Nation: United States
National Status: NNR
Nation: Canada
National Status: N4N5 (03Dec2017)

U.S. & Canada State/Province Status
Due to latency between updates made in state, provincial or other NatureServe Network databases and when they appear on NatureServe Explorer, for state or provincial information you may wish to contact the data steward in your jurisdiction to obtain the most current data. Please refer to our Distribution Data Sources to find contact information for your jurisdiction.
United States Indiana (S1), Kentucky (SNR), Massachusetts (S2S3), Michigan (SNR), New Hampshire (SH), New York (S3S5), North Carolina (S1), Pennsylvania (S3S4), Tennessee (S1), Vermont (S3S5), Virginia (S4), West Virginia (S4)
Canada Ontario (S5), Quebec (S3S4)

Other Statuses

NatureServe Global Conservation Status Factors

Range Extent Comments: Caulophyllum giganteum ranges from Tennessee to North Carolina north to Ontario and Quebec and east to Vermont.

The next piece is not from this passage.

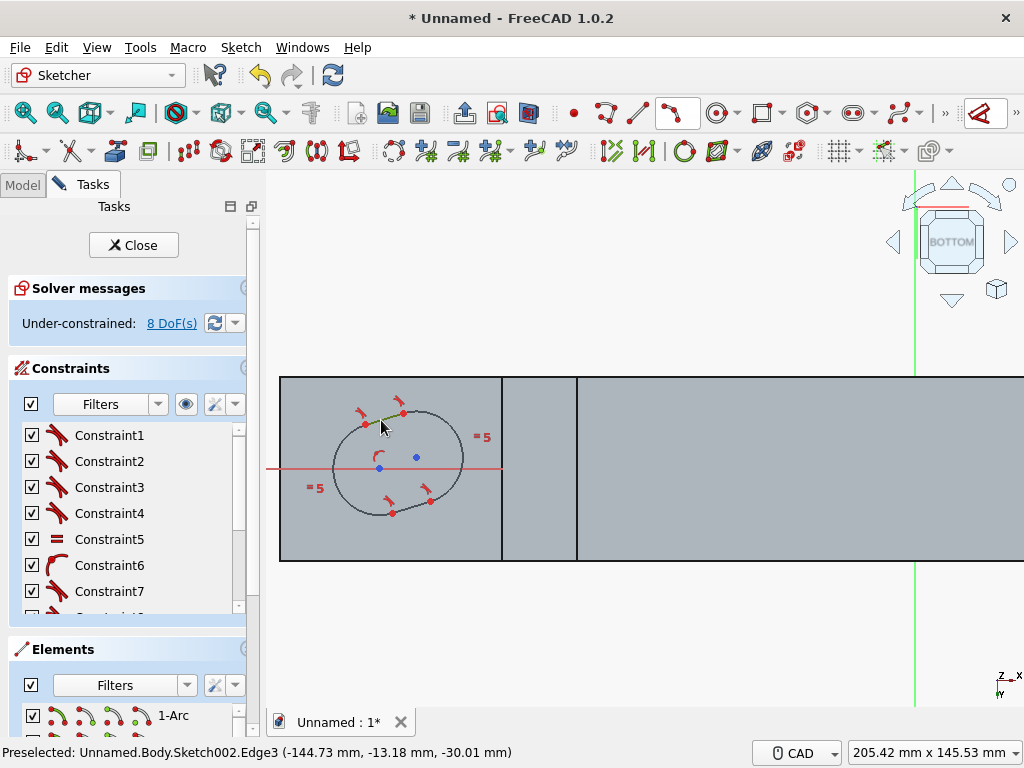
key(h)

Population Size Comments: Caulophyllum giganteum was formerly considered a variety of C. thalictroides. Its elevation to full species level is relatively recent, so reported abundance throughout its range may be an underestimate due to different taxonomic treatments by botanists. Overall, it is probably less common than C. thalictroides, which covers a more southern range. However, inventories conducted in the next few years using the new treatment may provide additional and more precise abundance information for this species. This species is found only in eastern Michigan, and is considered occasional state-wide (Reznicek, pers. comm., December 2000). There is a new record for Ohio cited by Kartesz (1999) from Cooper et al. al 1999, in press). Not documented, but likely in Maine (pers. comm. D. Cameron October, 2000). Considered rare in mountain regions of North Carolina and Virginia and significantly rare in North Carolina (Weakley 2000). Considered rare in Tennessee.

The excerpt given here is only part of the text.